PROBLEM TO SOLVE =>
Of the records below, reproduce only the span that opens with the line containing "table_header Constructor. Establece" and closes with the last line.

====

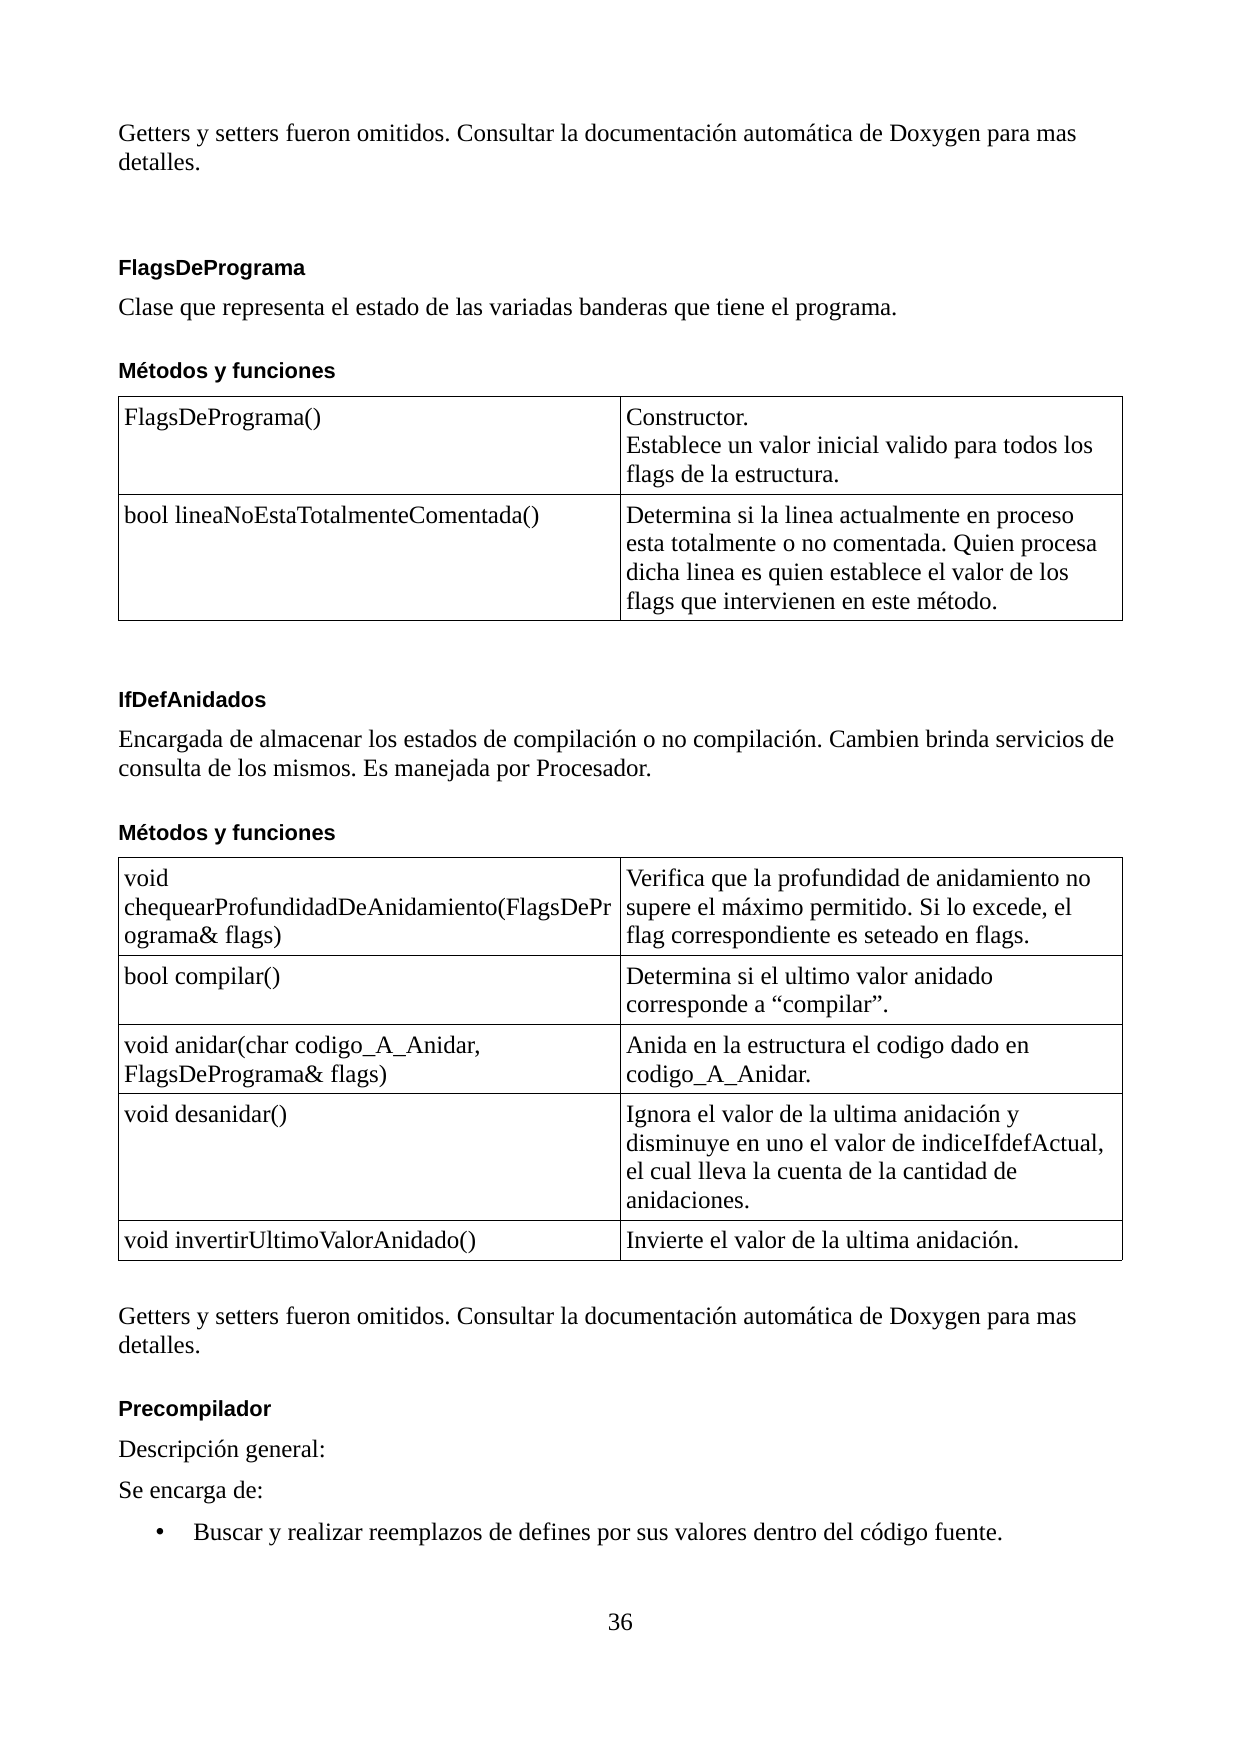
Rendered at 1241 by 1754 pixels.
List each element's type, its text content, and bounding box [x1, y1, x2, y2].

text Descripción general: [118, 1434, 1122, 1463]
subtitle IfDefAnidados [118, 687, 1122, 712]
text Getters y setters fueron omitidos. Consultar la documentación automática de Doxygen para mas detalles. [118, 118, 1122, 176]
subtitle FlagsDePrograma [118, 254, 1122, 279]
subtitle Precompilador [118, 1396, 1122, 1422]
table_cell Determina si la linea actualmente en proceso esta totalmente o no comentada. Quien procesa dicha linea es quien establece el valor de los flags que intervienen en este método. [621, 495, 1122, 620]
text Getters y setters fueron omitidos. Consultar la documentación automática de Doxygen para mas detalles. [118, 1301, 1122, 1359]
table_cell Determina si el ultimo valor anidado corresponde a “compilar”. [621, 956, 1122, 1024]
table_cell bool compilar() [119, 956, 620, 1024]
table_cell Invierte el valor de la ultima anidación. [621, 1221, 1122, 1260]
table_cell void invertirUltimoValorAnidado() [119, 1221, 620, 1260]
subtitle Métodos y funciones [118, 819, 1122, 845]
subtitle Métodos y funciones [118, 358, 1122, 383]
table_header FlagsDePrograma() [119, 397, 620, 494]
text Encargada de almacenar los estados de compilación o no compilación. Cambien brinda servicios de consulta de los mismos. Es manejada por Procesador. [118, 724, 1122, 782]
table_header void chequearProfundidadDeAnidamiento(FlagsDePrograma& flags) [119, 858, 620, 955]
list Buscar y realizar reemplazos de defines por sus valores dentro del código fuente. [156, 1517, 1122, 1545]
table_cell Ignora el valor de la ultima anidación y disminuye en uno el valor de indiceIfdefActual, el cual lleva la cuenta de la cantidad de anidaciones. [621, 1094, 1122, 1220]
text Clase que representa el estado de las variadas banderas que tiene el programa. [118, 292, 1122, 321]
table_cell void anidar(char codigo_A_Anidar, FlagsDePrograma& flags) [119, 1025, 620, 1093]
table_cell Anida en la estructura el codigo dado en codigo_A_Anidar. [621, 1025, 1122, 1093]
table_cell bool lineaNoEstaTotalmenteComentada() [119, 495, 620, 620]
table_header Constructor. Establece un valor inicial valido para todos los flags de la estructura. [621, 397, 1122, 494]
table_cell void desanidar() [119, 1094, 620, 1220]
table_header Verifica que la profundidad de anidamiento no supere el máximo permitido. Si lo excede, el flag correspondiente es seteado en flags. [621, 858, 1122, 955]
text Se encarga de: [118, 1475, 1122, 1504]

====

YOUR SOLUTION =>
table_header Constructor. Establece un valor inicial valido para todos los flags de la estructura. [621, 397, 1122, 494]
table_cell void desanidar() [119, 1094, 620, 1220]
table_header Verifica que la profundidad de anidamiento no supere el máximo permitido. Si lo excede, el flag correspondiente es seteado en flags. [621, 858, 1122, 955]
text Se encarga de: [118, 1475, 1122, 1504]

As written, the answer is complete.